We show that BOLD fMR imaging with simultaneous 18-channel EEG recording can yield a sensitivity of 90% in identifying sites of cerebral activation that correspond to sites of potential epileptogenesis. This requires analysis techniques (ISA) that evaluate each ON state in comparison with the mean and variance of the OFF state signal intensities. Case reports of BOLD fMR cerebral activation with epilepsy have been reported using subtraction (4) or cross-correlation (3, 4) techniques. Our series shows those methods to be insensitive. It is likely that the interictal discharges are not identical, and treating them as an aggregate state diminishes the sensitivity. We show that a single fMR acquisition with a concurrent epileptiform discharge can result in increased BOLD signal that correlates with the EEG focus. We propose that a single event strategy be the method of choice for evaluating BOLD activation associated with an interictal discharge.
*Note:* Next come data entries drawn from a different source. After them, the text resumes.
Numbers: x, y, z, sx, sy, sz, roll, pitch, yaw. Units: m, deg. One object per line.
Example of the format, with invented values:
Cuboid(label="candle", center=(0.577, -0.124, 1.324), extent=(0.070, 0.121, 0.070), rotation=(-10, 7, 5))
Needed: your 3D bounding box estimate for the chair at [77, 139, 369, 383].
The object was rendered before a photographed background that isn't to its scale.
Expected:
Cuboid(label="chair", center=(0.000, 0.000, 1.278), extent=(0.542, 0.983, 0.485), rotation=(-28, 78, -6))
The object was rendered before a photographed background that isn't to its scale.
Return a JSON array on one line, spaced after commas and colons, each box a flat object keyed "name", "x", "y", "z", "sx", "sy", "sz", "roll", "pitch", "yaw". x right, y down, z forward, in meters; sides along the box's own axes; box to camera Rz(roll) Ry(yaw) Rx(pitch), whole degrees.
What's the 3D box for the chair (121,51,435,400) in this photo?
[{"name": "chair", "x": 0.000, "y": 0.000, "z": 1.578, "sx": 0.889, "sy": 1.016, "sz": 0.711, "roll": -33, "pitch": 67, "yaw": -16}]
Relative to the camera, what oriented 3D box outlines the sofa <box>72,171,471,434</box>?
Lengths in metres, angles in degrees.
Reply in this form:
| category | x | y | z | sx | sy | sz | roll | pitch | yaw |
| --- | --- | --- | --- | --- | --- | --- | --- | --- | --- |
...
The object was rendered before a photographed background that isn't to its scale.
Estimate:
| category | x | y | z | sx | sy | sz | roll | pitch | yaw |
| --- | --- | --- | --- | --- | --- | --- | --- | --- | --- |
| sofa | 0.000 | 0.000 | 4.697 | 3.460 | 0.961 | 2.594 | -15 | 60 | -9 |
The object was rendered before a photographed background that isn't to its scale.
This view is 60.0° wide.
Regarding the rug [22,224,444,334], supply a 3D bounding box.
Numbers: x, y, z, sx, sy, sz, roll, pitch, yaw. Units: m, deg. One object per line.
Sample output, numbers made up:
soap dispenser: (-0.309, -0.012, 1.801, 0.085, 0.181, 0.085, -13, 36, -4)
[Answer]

The rim of negative standard deviations around activation sites may represent associated diminished activity. We looked for correlates between observed activation and semiologic features, such as post-traumatic origin of seizures, amplitude of EEG activity, and degree of medication usage, but did not discern any differences. The maximum time course of BOLD signal response relative to the onset of the interictal discharge remains to be established, and whether this is analogous among diverse patients and types of discharge is unknown. Also, remaining to be determined is whether there is a sequential spatial activation or recruitment of larger adjacent areas over time. The population is not yet large enough to determine the factors that result in variable responses of BOLD activation.

These fMR techniques may help localize seizure onset to the smallest site of abnormal epileptogenic tissue, thereby offering guidance for surgical cure. We expect that fMR techniques will evolve to provide a means of determining the site of origin and propagation pattern of seizures.